- Problem details -
The lines to repeat are those below from the one containing "Provide a short and direct response. 11.37." down to the one containing "Provide a succinct answer. 4.35.", both included; reproduce them exactly and nothing else.

(Beginning of Given records)

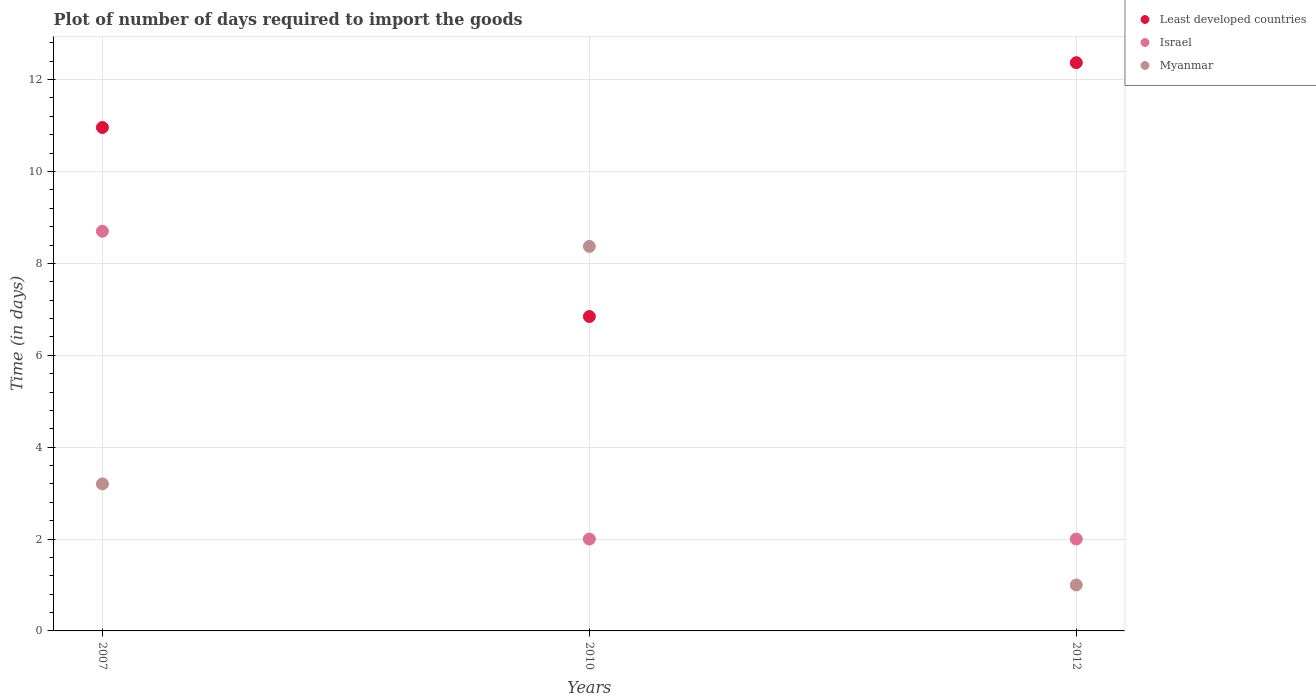Is the number of dotlines equal to the number of legend labels?
Ensure brevity in your answer.  Yes. What is the time required to import goods in Myanmar in 2012?
Give a very brief answer. 1. Across all years, what is the minimum time required to import goods in Israel?
Offer a terse response. 2. In which year was the time required to import goods in Least developed countries maximum?
Provide a short and direct response. 2012. In which year was the time required to import goods in Myanmar minimum?
Your answer should be very brief. 2012. What is the total time required to import goods in Least developed countries in the graph?
Your response must be concise. 30.17. What is the difference between the time required to import goods in Least developed countries in 2007 and that in 2012?
Offer a very short reply. -1.41. What is the difference between the time required to import goods in Israel in 2007 and the time required to import goods in Least developed countries in 2012?
Give a very brief answer. -3.67. What is the average time required to import goods in Israel per year?
Provide a succinct answer. 4.23. In the year 2007, what is the difference between the time required to import goods in Least developed countries and time required to import goods in Israel?
Provide a succinct answer. 2.26. Is the difference between the time required to import goods in Least developed countries in 2007 and 2010 greater than the difference between the time required to import goods in Israel in 2007 and 2010?
Your answer should be very brief. No. What is the difference between the highest and the second highest time required to import goods in Israel?
Offer a very short reply. 6.7. What is the difference between the highest and the lowest time required to import goods in Least developed countries?
Provide a short and direct response. 5.52. In how many years, is the time required to import goods in Israel greater than the average time required to import goods in Israel taken over all years?
Your answer should be compact. 1. Is the sum of the time required to import goods in Least developed countries in 2007 and 2010 greater than the maximum time required to import goods in Myanmar across all years?
Your answer should be very brief. Yes. Does the time required to import goods in Myanmar monotonically increase over the years?
Your answer should be compact. No. What is the difference between two consecutive major ticks on the Y-axis?
Provide a short and direct response. 2. Are the values on the major ticks of Y-axis written in scientific E-notation?
Your answer should be compact. No. Does the graph contain any zero values?
Ensure brevity in your answer.  No. Where does the legend appear in the graph?
Give a very brief answer. Top right. How are the legend labels stacked?
Your answer should be very brief. Vertical. What is the title of the graph?
Your answer should be very brief. Plot of number of days required to import the goods. Does "Cote d'Ivoire" appear as one of the legend labels in the graph?
Ensure brevity in your answer.  No. What is the label or title of the Y-axis?
Offer a terse response. Time (in days). What is the Time (in days) in Least developed countries in 2007?
Your answer should be compact. 10.96. What is the Time (in days) in Myanmar in 2007?
Offer a very short reply. 3.2. What is the Time (in days) in Least developed countries in 2010?
Give a very brief answer. 6.84. What is the Time (in days) in Israel in 2010?
Your answer should be compact. 2. What is the Time (in days) in Myanmar in 2010?
Provide a succinct answer. 8.37. What is the Time (in days) in Least developed countries in 2012?
Your answer should be compact. 12.37. What is the Time (in days) in Israel in 2012?
Offer a very short reply. 2. Across all years, what is the maximum Time (in days) in Least developed countries?
Make the answer very short. 12.37. Across all years, what is the maximum Time (in days) of Israel?
Offer a very short reply. 8.7. Across all years, what is the maximum Time (in days) of Myanmar?
Your answer should be compact. 8.37. Across all years, what is the minimum Time (in days) of Least developed countries?
Your answer should be very brief. 6.84. Across all years, what is the minimum Time (in days) in Myanmar?
Offer a very short reply. 1. What is the total Time (in days) in Least developed countries in the graph?
Give a very brief answer. 30.17. What is the total Time (in days) of Myanmar in the graph?
Ensure brevity in your answer.  12.57. What is the difference between the Time (in days) in Least developed countries in 2007 and that in 2010?
Your answer should be very brief. 4.11. What is the difference between the Time (in days) in Israel in 2007 and that in 2010?
Provide a succinct answer. 6.7. What is the difference between the Time (in days) of Myanmar in 2007 and that in 2010?
Offer a terse response. -5.17. What is the difference between the Time (in days) of Least developed countries in 2007 and that in 2012?
Make the answer very short. -1.41. What is the difference between the Time (in days) in Least developed countries in 2010 and that in 2012?
Your answer should be compact. -5.52. What is the difference between the Time (in days) in Israel in 2010 and that in 2012?
Provide a short and direct response. 0. What is the difference between the Time (in days) of Myanmar in 2010 and that in 2012?
Your answer should be very brief. 7.37. What is the difference between the Time (in days) in Least developed countries in 2007 and the Time (in days) in Israel in 2010?
Offer a very short reply. 8.96. What is the difference between the Time (in days) of Least developed countries in 2007 and the Time (in days) of Myanmar in 2010?
Ensure brevity in your answer.  2.59. What is the difference between the Time (in days) of Israel in 2007 and the Time (in days) of Myanmar in 2010?
Your answer should be compact. 0.33. What is the difference between the Time (in days) in Least developed countries in 2007 and the Time (in days) in Israel in 2012?
Offer a terse response. 8.96. What is the difference between the Time (in days) in Least developed countries in 2007 and the Time (in days) in Myanmar in 2012?
Keep it short and to the point. 9.96. What is the difference between the Time (in days) in Israel in 2007 and the Time (in days) in Myanmar in 2012?
Provide a short and direct response. 7.7. What is the difference between the Time (in days) of Least developed countries in 2010 and the Time (in days) of Israel in 2012?
Provide a succinct answer. 4.84. What is the difference between the Time (in days) in Least developed countries in 2010 and the Time (in days) in Myanmar in 2012?
Your answer should be compact. 5.84. What is the average Time (in days) in Least developed countries per year?
Keep it short and to the point. 10.06. What is the average Time (in days) of Israel per year?
Provide a succinct answer. 4.23. What is the average Time (in days) in Myanmar per year?
Your answer should be very brief. 4.19. In the year 2007, what is the difference between the Time (in days) in Least developed countries and Time (in days) in Israel?
Offer a terse response. 2.26. In the year 2007, what is the difference between the Time (in days) in Least developed countries and Time (in days) in Myanmar?
Keep it short and to the point. 7.76. In the year 2007, what is the difference between the Time (in days) in Israel and Time (in days) in Myanmar?
Your answer should be compact. 5.5. In the year 2010, what is the difference between the Time (in days) in Least developed countries and Time (in days) in Israel?
Make the answer very short. 4.84. In the year 2010, what is the difference between the Time (in days) in Least developed countries and Time (in days) in Myanmar?
Provide a succinct answer. -1.53. In the year 2010, what is the difference between the Time (in days) of Israel and Time (in days) of Myanmar?
Keep it short and to the point. -6.37. In the year 2012, what is the difference between the Time (in days) in Least developed countries and Time (in days) in Israel?
Provide a succinct answer. 10.37. In the year 2012, what is the difference between the Time (in days) of Least developed countries and Time (in days) of Myanmar?
Provide a short and direct response. 11.37. In the year 2012, what is the difference between the Time (in days) of Israel and Time (in days) of Myanmar?
Provide a short and direct response. 1. What is the ratio of the Time (in days) in Least developed countries in 2007 to that in 2010?
Your response must be concise. 1.6. What is the ratio of the Time (in days) of Israel in 2007 to that in 2010?
Provide a succinct answer. 4.35. What is the ratio of the Time (in days) in Myanmar in 2007 to that in 2010?
Offer a very short reply. 0.38. What is the ratio of the Time (in days) of Least developed countries in 2007 to that in 2012?
Ensure brevity in your answer.  0.89. What is the ratio of the Time (in days) in Israel in 2007 to that in 2012?
Offer a very short reply. 4.35. What is the ratio of the Time (in days) in Myanmar in 2007 to that in 2012?
Provide a short and direct response. 3.2. What is the ratio of the Time (in days) in Least developed countries in 2010 to that in 2012?
Your response must be concise. 0.55. What is the ratio of the Time (in days) in Israel in 2010 to that in 2012?
Your answer should be compact. 1. What is the ratio of the Time (in days) in Myanmar in 2010 to that in 2012?
Provide a succinct answer. 8.37. What is the difference between the highest and the second highest Time (in days) of Least developed countries?
Your answer should be very brief. 1.41. What is the difference between the highest and the second highest Time (in days) in Israel?
Provide a succinct answer. 6.7. What is the difference between the highest and the second highest Time (in days) in Myanmar?
Provide a succinct answer. 5.17. What is the difference between the highest and the lowest Time (in days) of Least developed countries?
Give a very brief answer. 5.52. What is the difference between the highest and the lowest Time (in days) in Israel?
Provide a succinct answer. 6.7. What is the difference between the highest and the lowest Time (in days) of Myanmar?
Give a very brief answer. 7.37.

(End of Given records)

- Written reply -
Provide a short and direct response. 11.37. In the year 2012, what is the difference between the Time (in days) of Israel and Time (in days) of Myanmar?
Provide a short and direct response. 1. What is the ratio of the Time (in days) in Least developed countries in 2007 to that in 2010?
Your response must be concise. 1.6. What is the ratio of the Time (in days) of Israel in 2007 to that in 2010?
Provide a succinct answer. 4.35. What is the ratio of the Time (in days) in Myanmar in 2007 to that in 2010?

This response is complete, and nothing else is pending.